Não sabemos ainda se, depois de 2017, os Procuradores do MPF do Paraná continuaram nessa espécie de jogral delitivo com a nova juíza da causa – que já confessou ter copiado e colado textos e textos da decisão de seu antecessor, hoje ministro. Também não sabemos se o mesmo expediente supostamente utilizado por Sérgio Moro com os Procuradores da Lava-Jato foi usado com algum Desembargador do TRF4.

Ou seja, o escândalo pode ser bem maior e atingir, eventualmente, as cortes superiores.

Nada, diga-se de passagem, que não se pudesse adiantar dados os sinais explícitos de condução política dos processos de Curitiba. Nada que não pudesse ser deduzido pelo afã punitivo que levou a “Operação” de Curitiba a provocar a falência de dezenas de empresas de construção civil – algumas das maiores do mundo, sediadas no Brasil –, aumentando sensivelmente as taxas de desemprego e diminuindo de forma palpável a economia, as exportações e a produção industrial do país.

A “Operação” Lava-Jato, desde sempre inconstitucional, parece revelar hoje a sua faceta verdadeiramente criminosa.
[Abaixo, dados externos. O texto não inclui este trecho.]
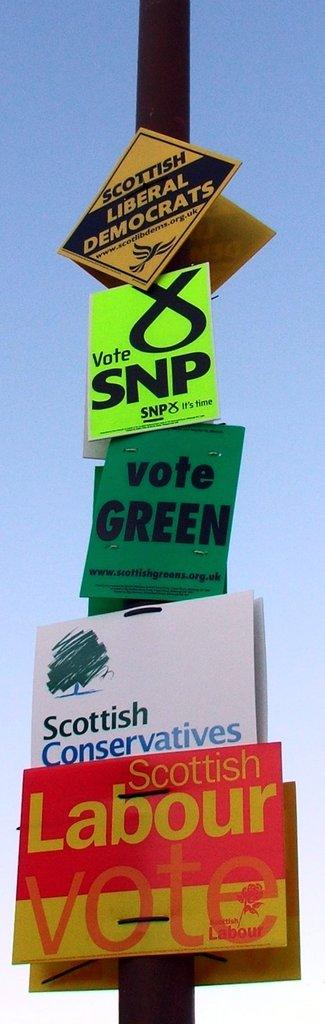Provide a one-sentence caption for the provided image. An assortment of political posters are attached to a pole, including signs for the Scottish Labour Vote, Scottish Conservatives, and the SNP. 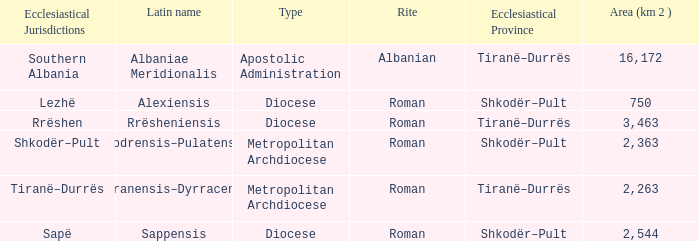What is Type for Rite Albanian? Apostolic Administration. 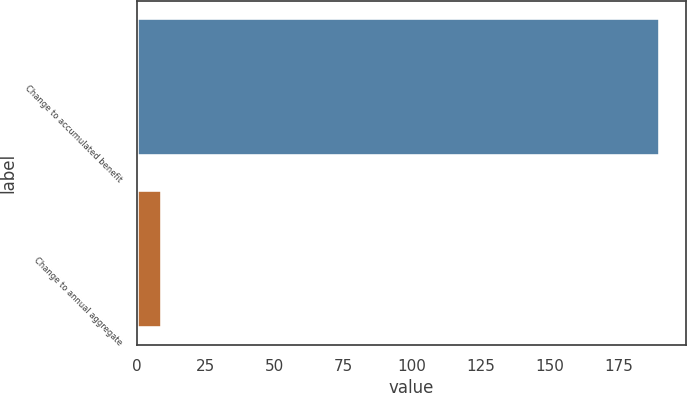<chart> <loc_0><loc_0><loc_500><loc_500><bar_chart><fcel>Change to accumulated benefit<fcel>Change to annual aggregate<nl><fcel>190<fcel>9<nl></chart>

Atingiu não somente a economia do país, mas fragilizou as nossas instituições democráticas a ponto de muitos não acreditarem mais estarmos vivando em uma democracia, num Estado Democrático e constitucional de Direito.

Se assim for, e se os fatos hoje revelados não produzirem movimento consistente das instituições ainda de pé; aí, finalmente, será dado de fato o aval para que o presidente eleito – eleito por conta do trabalho aparentemente criminoso da própria “Operação” Lava-Jato – realize a contenção de despesas final: declare extintos os demais Poderes da República, e passe a governar por decretos redigidos pelo seu Ministro da Justiça e Segurança Pública.

Lembre-se que em 1958, mesmo sem combinar com os russos, o Brasil ganhou pela primeira vez uma Copa do Mundo. Hoje, 61 anos depois, mesmo combinando com o “Russo”, o MPF brasileiro deu a maior bola fora da história do Judiciário e transforma-se a olhos vistos, em mais uma vergonha nacional. Oxalá não leve todo o país junto com ele.

Rogerio Dultra: Professor do Departamento de Direito Público da Universidade Federal Fluminense (UFF), do Programa de Pós-Graduação stricto sensu em Justiça Administrativa (PPGJA-UFF), pesquisador Vinculado ao INCT/INEAC da UFF e Avaliador ad hoc da CAPES na Área do Direito.